It is important to note that nitrogen and phosphorus, which are the main nutrients, play a crucial role in both bioconcentration and biodegradation. Studies have shown that adding these nutrients to lake water has an impact on the rate of biodegradation and bioconcentration of DBP and DEHP in the microalgae Chlorella vulgaris [68].
This study found that the addition of nitrogen had a more pronounced effect than the addition of phosphorous on degradation. However, the addition of both nutrients had a greater influence on degradation than the addition of a single nutrient [68].
The bioconcentration factor (BCF) was found to be strongly correlated with the amount of dissolved organic carbon (DOC).
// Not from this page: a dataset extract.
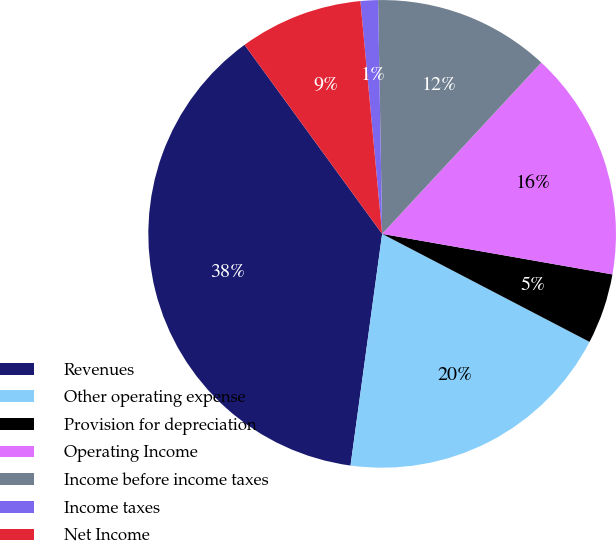Convert chart to OTSL. <chart><loc_0><loc_0><loc_500><loc_500><pie_chart><fcel>Revenues<fcel>Other operating expense<fcel>Provision for depreciation<fcel>Operating Income<fcel>Income before income taxes<fcel>Income taxes<fcel>Net Income<nl><fcel>37.83%<fcel>19.52%<fcel>4.87%<fcel>15.86%<fcel>12.19%<fcel>1.21%<fcel>8.53%<nl></chart>

Specifically, the BCF decreased with an increase in algal exudate, as measured by DOC [68].
The same observations were made in a similar experiment conducted on Microcystis aeruginosa that showed high rates of bioconcentration and biodegradation of DBP and DEHP [66]. These results suggest that DOC plays an important role in the bioconcentration of DBP and DEHP [66,68].
It is important to highlight that algae biodegrade differently according to the concentration level of exposure, the type of phthalate, the physical and chemical parameters, and the species being considered.
In a study involving three marine microalgae (Chaetoceros muelleri, Cylindrotheca closterium, Dunaliella salina) exposed to DEP and DBP, it was observed that these three algae have degraded PAEs more rapidly at an environmentally relevant concentration (0.1 mg L−1).
In particular, the degradation was more efficient when PAEs were taken individually, while the mixture of the two phthalates showed inhibitory effects on the process [69]. Overall, all species demonstrated strong adaptability. However, C. closterium exhibited greater efficiency in degrading phthalates compared to the other two species [69].
To assess the effectiveness of bioremediation techniques using algae, it is important to deepen our understanding of the metabolic dynamics involved in the degradation and production of these substances. Therefore, analytical techniques and biomolecular studies should be adapted for both laboratory experiments and environmental monitoring.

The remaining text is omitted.